[PROBLEM STATEMENT]:
Please restate the records below verbatim, omitting every image they hold.

----

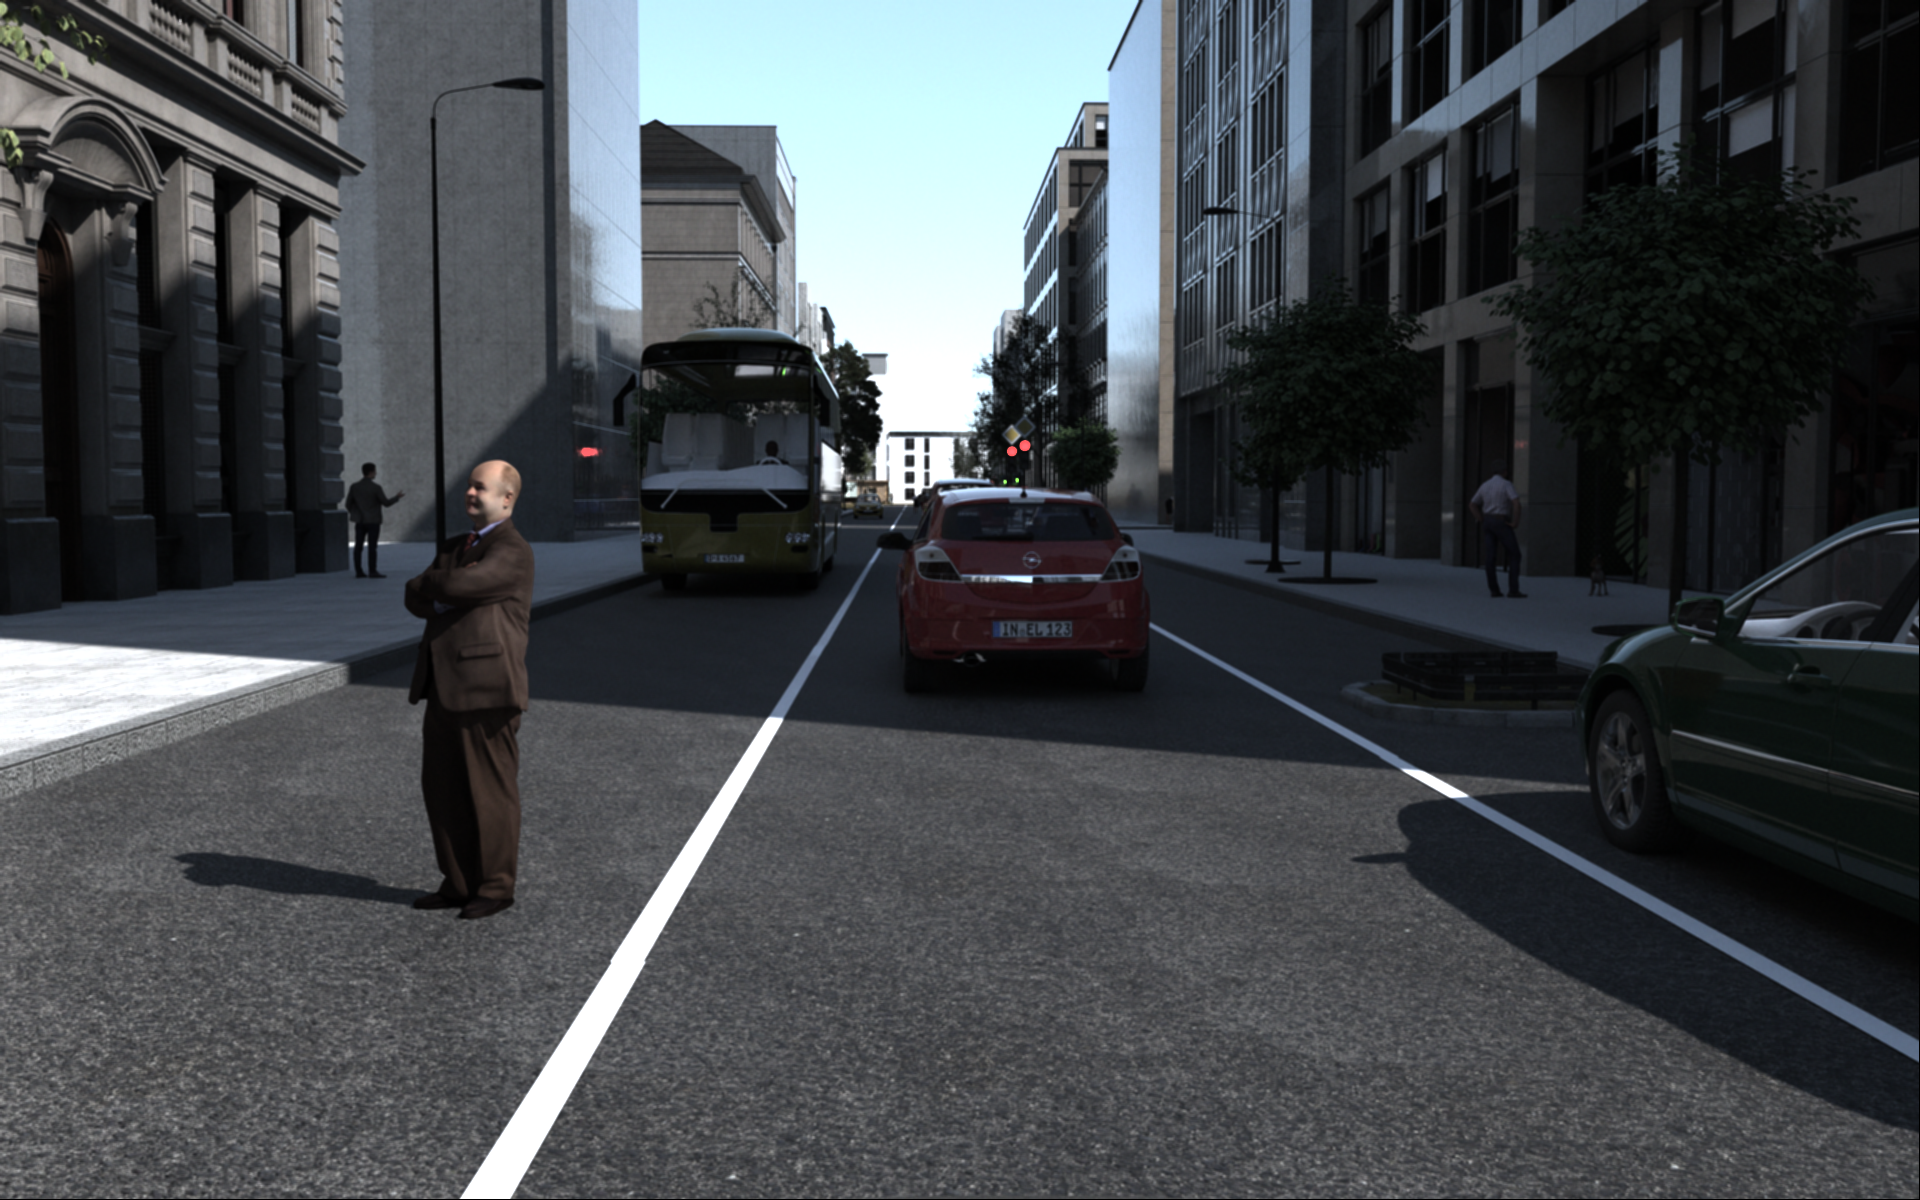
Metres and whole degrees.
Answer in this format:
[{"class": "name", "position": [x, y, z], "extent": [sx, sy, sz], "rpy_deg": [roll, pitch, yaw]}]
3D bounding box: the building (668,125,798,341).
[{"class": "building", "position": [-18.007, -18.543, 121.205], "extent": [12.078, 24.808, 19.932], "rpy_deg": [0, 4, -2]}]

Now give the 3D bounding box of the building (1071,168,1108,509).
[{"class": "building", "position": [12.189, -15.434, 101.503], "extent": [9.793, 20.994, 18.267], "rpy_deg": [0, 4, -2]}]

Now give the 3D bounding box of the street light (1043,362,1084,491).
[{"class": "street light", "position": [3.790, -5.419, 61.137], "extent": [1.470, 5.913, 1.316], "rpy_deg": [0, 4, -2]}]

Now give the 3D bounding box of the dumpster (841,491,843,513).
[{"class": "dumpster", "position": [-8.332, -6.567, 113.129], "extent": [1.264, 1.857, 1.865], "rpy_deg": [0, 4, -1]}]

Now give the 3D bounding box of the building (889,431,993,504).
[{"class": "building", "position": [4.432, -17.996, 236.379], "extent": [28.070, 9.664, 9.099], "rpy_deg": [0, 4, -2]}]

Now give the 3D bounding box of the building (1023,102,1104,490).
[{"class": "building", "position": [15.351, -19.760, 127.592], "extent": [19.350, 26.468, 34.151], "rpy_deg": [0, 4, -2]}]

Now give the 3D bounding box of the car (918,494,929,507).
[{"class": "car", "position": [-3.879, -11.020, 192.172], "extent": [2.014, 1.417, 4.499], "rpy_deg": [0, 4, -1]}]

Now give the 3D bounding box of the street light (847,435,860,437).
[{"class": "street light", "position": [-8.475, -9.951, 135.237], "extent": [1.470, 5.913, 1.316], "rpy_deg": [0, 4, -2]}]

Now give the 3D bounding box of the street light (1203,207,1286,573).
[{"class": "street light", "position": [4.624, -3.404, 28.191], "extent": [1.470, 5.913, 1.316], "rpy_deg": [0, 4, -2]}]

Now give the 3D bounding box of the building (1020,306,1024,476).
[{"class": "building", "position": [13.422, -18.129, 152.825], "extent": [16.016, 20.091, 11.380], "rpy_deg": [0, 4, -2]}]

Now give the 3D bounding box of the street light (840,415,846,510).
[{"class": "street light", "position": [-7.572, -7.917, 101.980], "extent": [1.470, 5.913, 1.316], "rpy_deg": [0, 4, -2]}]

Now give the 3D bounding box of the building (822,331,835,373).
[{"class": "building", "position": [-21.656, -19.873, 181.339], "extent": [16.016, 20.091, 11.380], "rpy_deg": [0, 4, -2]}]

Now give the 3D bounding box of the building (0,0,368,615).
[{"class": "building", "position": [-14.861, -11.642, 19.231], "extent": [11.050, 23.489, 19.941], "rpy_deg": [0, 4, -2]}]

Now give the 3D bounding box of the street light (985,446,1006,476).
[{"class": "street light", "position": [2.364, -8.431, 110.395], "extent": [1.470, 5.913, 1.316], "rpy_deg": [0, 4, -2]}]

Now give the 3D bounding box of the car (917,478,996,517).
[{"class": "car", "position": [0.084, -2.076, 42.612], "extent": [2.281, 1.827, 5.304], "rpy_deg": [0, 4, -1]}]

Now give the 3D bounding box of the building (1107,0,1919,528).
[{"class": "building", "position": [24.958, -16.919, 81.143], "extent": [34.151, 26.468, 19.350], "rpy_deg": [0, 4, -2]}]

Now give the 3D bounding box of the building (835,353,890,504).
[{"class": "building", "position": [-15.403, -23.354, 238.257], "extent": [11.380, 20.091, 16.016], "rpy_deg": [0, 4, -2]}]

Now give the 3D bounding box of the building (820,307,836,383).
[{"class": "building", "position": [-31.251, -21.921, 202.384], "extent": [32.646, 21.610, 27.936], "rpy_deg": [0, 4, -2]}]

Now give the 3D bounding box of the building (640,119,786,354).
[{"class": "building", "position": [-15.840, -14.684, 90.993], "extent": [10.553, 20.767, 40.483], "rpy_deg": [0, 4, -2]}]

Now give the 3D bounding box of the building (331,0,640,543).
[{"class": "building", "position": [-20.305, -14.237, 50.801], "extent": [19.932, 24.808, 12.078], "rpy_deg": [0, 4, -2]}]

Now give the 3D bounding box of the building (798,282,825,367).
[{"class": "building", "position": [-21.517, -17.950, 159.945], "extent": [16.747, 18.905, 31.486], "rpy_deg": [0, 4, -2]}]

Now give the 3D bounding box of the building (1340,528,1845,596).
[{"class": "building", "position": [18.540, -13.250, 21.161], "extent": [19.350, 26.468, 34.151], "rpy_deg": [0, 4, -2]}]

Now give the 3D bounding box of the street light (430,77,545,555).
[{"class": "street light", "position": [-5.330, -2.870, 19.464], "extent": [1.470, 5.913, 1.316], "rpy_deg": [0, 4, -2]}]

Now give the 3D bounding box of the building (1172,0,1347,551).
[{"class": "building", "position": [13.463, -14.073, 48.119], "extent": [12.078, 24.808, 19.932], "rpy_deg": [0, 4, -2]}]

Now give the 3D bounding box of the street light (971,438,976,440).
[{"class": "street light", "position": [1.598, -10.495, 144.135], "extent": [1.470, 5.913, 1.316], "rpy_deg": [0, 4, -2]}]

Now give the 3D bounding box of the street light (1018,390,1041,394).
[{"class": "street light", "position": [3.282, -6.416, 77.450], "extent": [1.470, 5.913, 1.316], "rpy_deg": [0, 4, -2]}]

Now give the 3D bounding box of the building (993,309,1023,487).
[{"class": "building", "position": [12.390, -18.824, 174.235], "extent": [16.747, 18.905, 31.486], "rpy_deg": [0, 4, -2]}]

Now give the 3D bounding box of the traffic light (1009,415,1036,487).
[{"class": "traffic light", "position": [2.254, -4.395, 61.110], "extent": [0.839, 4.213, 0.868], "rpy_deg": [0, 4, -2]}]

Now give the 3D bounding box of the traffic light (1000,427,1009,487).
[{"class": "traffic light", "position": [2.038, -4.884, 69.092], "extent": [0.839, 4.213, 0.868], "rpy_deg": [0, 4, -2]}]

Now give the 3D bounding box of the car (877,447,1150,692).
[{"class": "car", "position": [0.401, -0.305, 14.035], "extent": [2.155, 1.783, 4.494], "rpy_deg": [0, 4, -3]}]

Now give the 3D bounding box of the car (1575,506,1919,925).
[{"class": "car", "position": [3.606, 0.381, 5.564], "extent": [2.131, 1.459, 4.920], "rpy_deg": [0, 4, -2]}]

----

[EXPECTED ANSWER]:
Metres and whole degrees.
Answer in this format:
[{"class": "name", "position": [x, y, z], "extent": [sx, sy, sz], "rpy_deg": [roll, pitch, yaw]}]
3D bounding box: the building (668,125,798,341).
[{"class": "building", "position": [-18.007, -18.543, 121.205], "extent": [12.078, 24.808, 19.932], "rpy_deg": [0, 4, -2]}]

Now give the 3D bounding box of the building (1071,168,1108,509).
[{"class": "building", "position": [12.189, -15.434, 101.503], "extent": [9.793, 20.994, 18.267], "rpy_deg": [0, 4, -2]}]

Now give the 3D bounding box of the street light (1043,362,1084,491).
[{"class": "street light", "position": [3.790, -5.419, 61.137], "extent": [1.470, 5.913, 1.316], "rpy_deg": [0, 4, -2]}]

Now give the 3D bounding box of the dumpster (841,491,843,513).
[{"class": "dumpster", "position": [-8.332, -6.567, 113.129], "extent": [1.264, 1.857, 1.865], "rpy_deg": [0, 4, -1]}]

Now give the 3D bounding box of the building (889,431,993,504).
[{"class": "building", "position": [4.432, -17.996, 236.379], "extent": [28.070, 9.664, 9.099], "rpy_deg": [0, 4, -2]}]

Now give the 3D bounding box of the building (1023,102,1104,490).
[{"class": "building", "position": [15.351, -19.760, 127.592], "extent": [19.350, 26.468, 34.151], "rpy_deg": [0, 4, -2]}]

Now give the 3D bounding box of the car (918,494,929,507).
[{"class": "car", "position": [-3.879, -11.020, 192.172], "extent": [2.014, 1.417, 4.499], "rpy_deg": [0, 4, -1]}]

Now give the 3D bounding box of the street light (847,435,860,437).
[{"class": "street light", "position": [-8.475, -9.951, 135.237], "extent": [1.470, 5.913, 1.316], "rpy_deg": [0, 4, -2]}]

Now give the 3D bounding box of the street light (1203,207,1286,573).
[{"class": "street light", "position": [4.624, -3.404, 28.191], "extent": [1.470, 5.913, 1.316], "rpy_deg": [0, 4, -2]}]

Now give the 3D bounding box of the building (1020,306,1024,476).
[{"class": "building", "position": [13.422, -18.129, 152.825], "extent": [16.016, 20.091, 11.380], "rpy_deg": [0, 4, -2]}]

Now give the 3D bounding box of the street light (840,415,846,510).
[{"class": "street light", "position": [-7.572, -7.917, 101.980], "extent": [1.470, 5.913, 1.316], "rpy_deg": [0, 4, -2]}]

Now give the 3D bounding box of the building (822,331,835,373).
[{"class": "building", "position": [-21.656, -19.873, 181.339], "extent": [16.016, 20.091, 11.380], "rpy_deg": [0, 4, -2]}]

Now give the 3D bounding box of the building (0,0,368,615).
[{"class": "building", "position": [-14.861, -11.642, 19.231], "extent": [11.050, 23.489, 19.941], "rpy_deg": [0, 4, -2]}]

Now give the 3D bounding box of the street light (985,446,1006,476).
[{"class": "street light", "position": [2.364, -8.431, 110.395], "extent": [1.470, 5.913, 1.316], "rpy_deg": [0, 4, -2]}]

Now give the 3D bounding box of the car (917,478,996,517).
[{"class": "car", "position": [0.084, -2.076, 42.612], "extent": [2.281, 1.827, 5.304], "rpy_deg": [0, 4, -1]}]

Now give the 3D bounding box of the building (1107,0,1919,528).
[{"class": "building", "position": [24.958, -16.919, 81.143], "extent": [34.151, 26.468, 19.350], "rpy_deg": [0, 4, -2]}]

Now give the 3D bounding box of the building (835,353,890,504).
[{"class": "building", "position": [-15.403, -23.354, 238.257], "extent": [11.380, 20.091, 16.016], "rpy_deg": [0, 4, -2]}]

Now give the 3D bounding box of the building (820,307,836,383).
[{"class": "building", "position": [-31.251, -21.921, 202.384], "extent": [32.646, 21.610, 27.936], "rpy_deg": [0, 4, -2]}]

Now give the 3D bounding box of the building (640,119,786,354).
[{"class": "building", "position": [-15.840, -14.684, 90.993], "extent": [10.553, 20.767, 40.483], "rpy_deg": [0, 4, -2]}]

Now give the 3D bounding box of the building (331,0,640,543).
[{"class": "building", "position": [-20.305, -14.237, 50.801], "extent": [19.932, 24.808, 12.078], "rpy_deg": [0, 4, -2]}]

Now give the 3D bounding box of the building (798,282,825,367).
[{"class": "building", "position": [-21.517, -17.950, 159.945], "extent": [16.747, 18.905, 31.486], "rpy_deg": [0, 4, -2]}]

Now give the 3D bounding box of the building (1340,528,1845,596).
[{"class": "building", "position": [18.540, -13.250, 21.161], "extent": [19.350, 26.468, 34.151], "rpy_deg": [0, 4, -2]}]

Now give the 3D bounding box of the street light (430,77,545,555).
[{"class": "street light", "position": [-5.330, -2.870, 19.464], "extent": [1.470, 5.913, 1.316], "rpy_deg": [0, 4, -2]}]

Now give the 3D bounding box of the building (1172,0,1347,551).
[{"class": "building", "position": [13.463, -14.073, 48.119], "extent": [12.078, 24.808, 19.932], "rpy_deg": [0, 4, -2]}]

Now give the 3D bounding box of the street light (971,438,976,440).
[{"class": "street light", "position": [1.598, -10.495, 144.135], "extent": [1.470, 5.913, 1.316], "rpy_deg": [0, 4, -2]}]

Now give the 3D bounding box of the street light (1018,390,1041,394).
[{"class": "street light", "position": [3.282, -6.416, 77.450], "extent": [1.470, 5.913, 1.316], "rpy_deg": [0, 4, -2]}]

Now give the 3D bounding box of the building (993,309,1023,487).
[{"class": "building", "position": [12.390, -18.824, 174.235], "extent": [16.747, 18.905, 31.486], "rpy_deg": [0, 4, -2]}]

Now give the 3D bounding box of the traffic light (1009,415,1036,487).
[{"class": "traffic light", "position": [2.254, -4.395, 61.110], "extent": [0.839, 4.213, 0.868], "rpy_deg": [0, 4, -2]}]

Now give the 3D bounding box of the traffic light (1000,427,1009,487).
[{"class": "traffic light", "position": [2.038, -4.884, 69.092], "extent": [0.839, 4.213, 0.868], "rpy_deg": [0, 4, -2]}]

Now give the 3D bounding box of the car (877,447,1150,692).
[{"class": "car", "position": [0.401, -0.305, 14.035], "extent": [2.155, 1.783, 4.494], "rpy_deg": [0, 4, -3]}]

Now give the 3D bounding box of the car (1575,506,1919,925).
[{"class": "car", "position": [3.606, 0.381, 5.564], "extent": [2.131, 1.459, 4.920], "rpy_deg": [0, 4, -2]}]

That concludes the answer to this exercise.